One "simple" way to prove this would be a single collision (on short inputs), which in theory could be found by chance. But for finding such, we expect to have to calculate about $2^{256}$ hashes (and store/compare them to the other values) to have a non-neglible probability to find a collision.

For example, if I have one zettabyte of fast accessible storage (which would be more than half of humanity's currently stored data), I can store about $2^{62}$ SHA-512 hashes. The probability that between these is at least one duplicate would be about $2^{-389} \approx 10^{-117}$. If every human (around $2^{33}$ in some years) repeats this experiment about once a week (i.e. $2^6$ times a year) with $2^{62}$ new hashes, humanity each year has a chance of $2^{-351}$ of finding a collision. Assuming that humanity will work on this for 10 times as long as the universe already existed (i.e. 130 billions of years), we get a chance of $2^{-314} \approx 10^{-94}$. For comparison, the probability that a ticket wins the main prize in the German weekly lottery (6/49) is around $2^{-27}$, so the probability that humanity will ever find a collision (in the scenario outlined above) is lower than the probability of me winning the main prize each week, for 11 weeks in sequence (with one ticket per week).

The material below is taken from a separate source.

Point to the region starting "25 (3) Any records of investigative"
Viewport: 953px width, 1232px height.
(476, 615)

So we can expect collisions to stay hidden until the end of times.

  • $\begingroup$ Comments are not for extended discussion; this conversation has been moved to chat. $\endgroup$
    – e-sushi
    Commented Jun 25, 2017 at 11:11

No. Cryptographic hash functions model a random function, not a random permutation. A significant fraction of output hash values are expected to be unreachable and another fraction have multiple preimages.

While bijectivity in general does not mean that the inverse is easy to calculate, for the types of constructs which are used in hash functions in practice, if it were bijective, it could be easily inverted and would thus not make a very good hash function.

There are other known bijective (candidates for) one-way functions, like the ones used for asymmetrical cryptography, but these constructs tend to be a lot slower, and are different from the ones used in hash functions.



Proof :

Let A be an object represented by a string of bits of length N "10001010110101100 ..."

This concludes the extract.